The morning of the race, we picked up our bibs and I noticed it still had our friend’s name and information on it. So I let the staff know about the registration transfer and they just crossed off the old name and put mine next to it. Ok, cool.

After I finished the half marathon, I heard they were announcing some awards. I walked over to see what my time was and where I placed. I noticed my time was under our friend’s name and it showed I had placed 7th in the 25-29 age group. One of the event organizer’s came over and asked me to write all my information down for him and he would make sure to change it in their official results. Turned out they got all my information the day before but it was after they printed all the official paperwork out. No worries!

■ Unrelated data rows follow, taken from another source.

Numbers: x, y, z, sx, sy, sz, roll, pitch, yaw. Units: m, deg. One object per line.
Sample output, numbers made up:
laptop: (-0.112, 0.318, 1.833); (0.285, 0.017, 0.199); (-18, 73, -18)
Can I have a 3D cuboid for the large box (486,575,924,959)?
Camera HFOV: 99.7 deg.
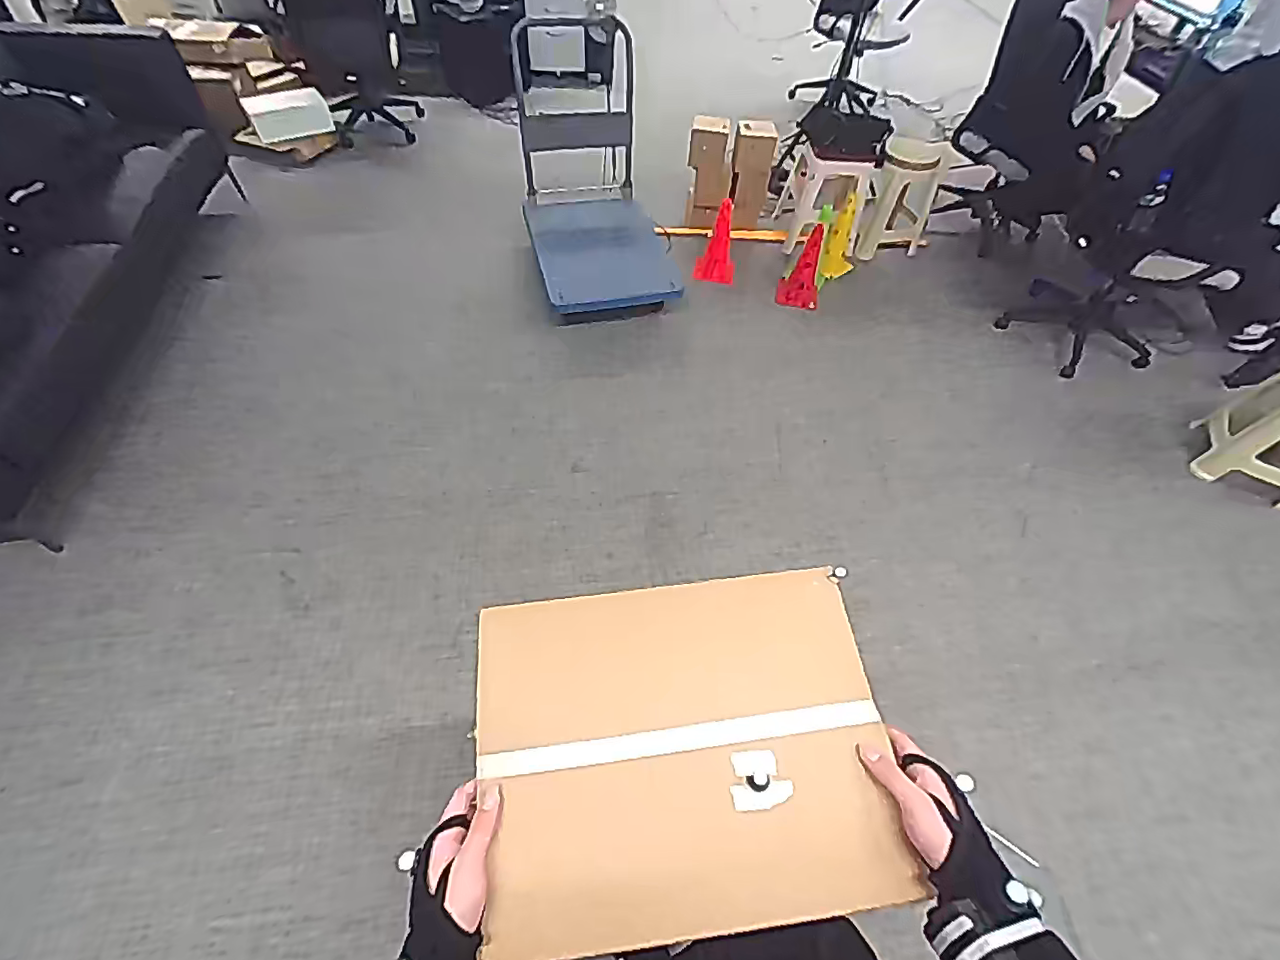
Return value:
large box: (0.043, 0.342, 0.680); (0.408, 0.320, 0.320); (-7, 62, -4)
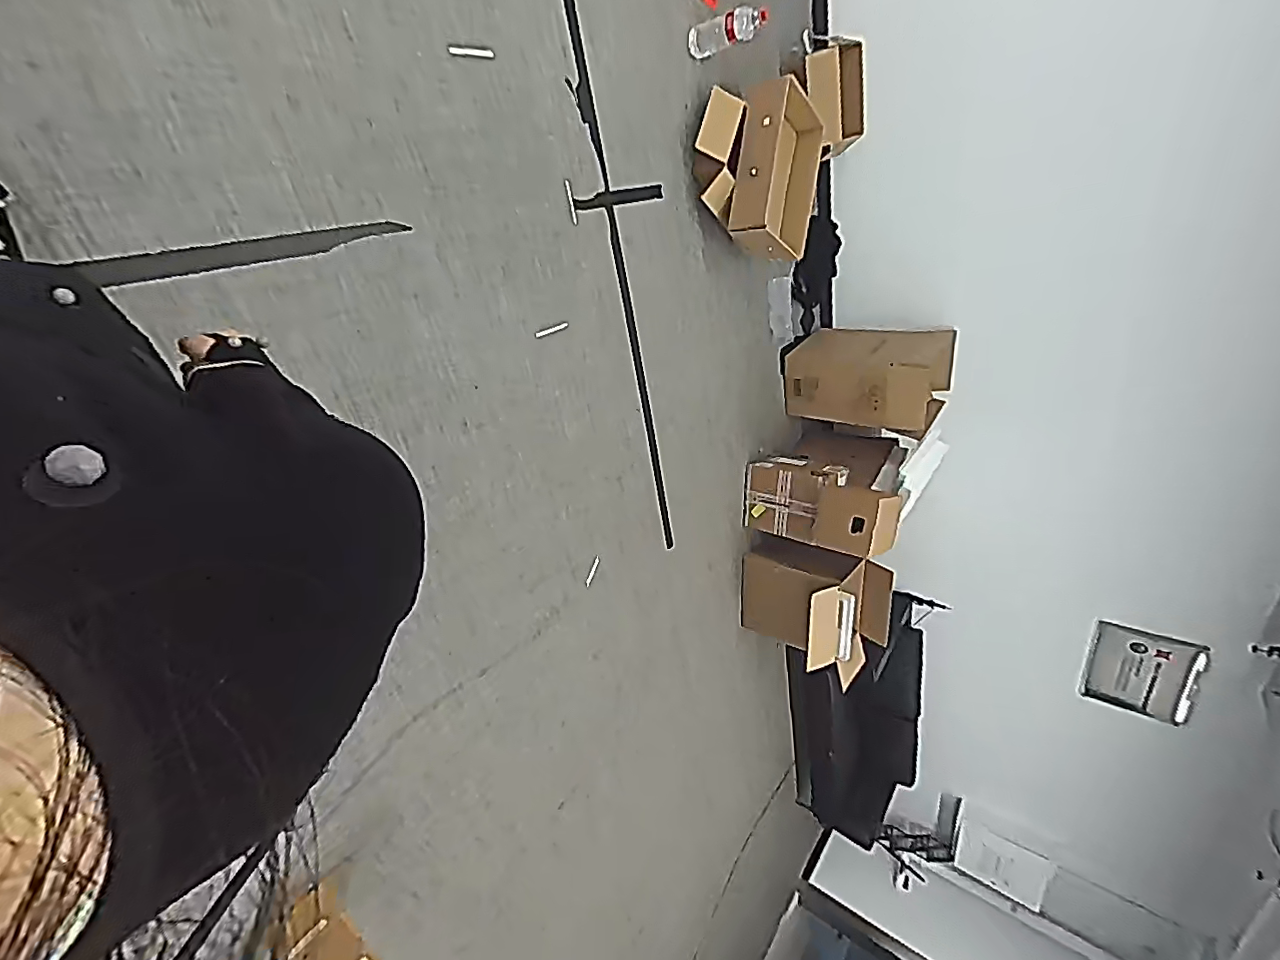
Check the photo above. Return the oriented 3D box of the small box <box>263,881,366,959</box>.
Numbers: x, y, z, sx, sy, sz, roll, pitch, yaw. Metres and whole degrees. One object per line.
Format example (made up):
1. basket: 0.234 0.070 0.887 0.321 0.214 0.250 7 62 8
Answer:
1. small box: -0.926 1.293 1.534 0.168 0.176 0.179 -38 127 -39

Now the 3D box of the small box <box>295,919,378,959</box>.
1. small box: -0.804 1.321 1.431 0.168 0.176 0.179 -38 128 -37

Well, I finally got around to checking the official results online last weekend and noticed that I placed 3rd in my age group (I’m a little older, in the 35-39 age group)! I was kind of stoked! I realized that I should have gotten one of the awards they were passing out. So, I contacted the event organizers and they sent me this lovely medal!photo(27)

And that’s Part Deux!

I have placed second in my age group in two other races before but failed to get my awards because I didn’t know until after I left the race. I never thought to contact them after to get it. No big deal though.

I was just appreciative that they sent the medal, since this was my first TRAIL half marathon. [insert happy face emoticon!]

This little lull

I’m purposely taking a little break. This break is from end of January February 9th til the end of March/early April. By break, I mean, less running, but still maintaining. Strength training, but no serious training. No set schedule. Just chillin’ and running when I want to. It’s kind of nice. Although, I have to admit I do have days where I feel like I HAVE to get a run in.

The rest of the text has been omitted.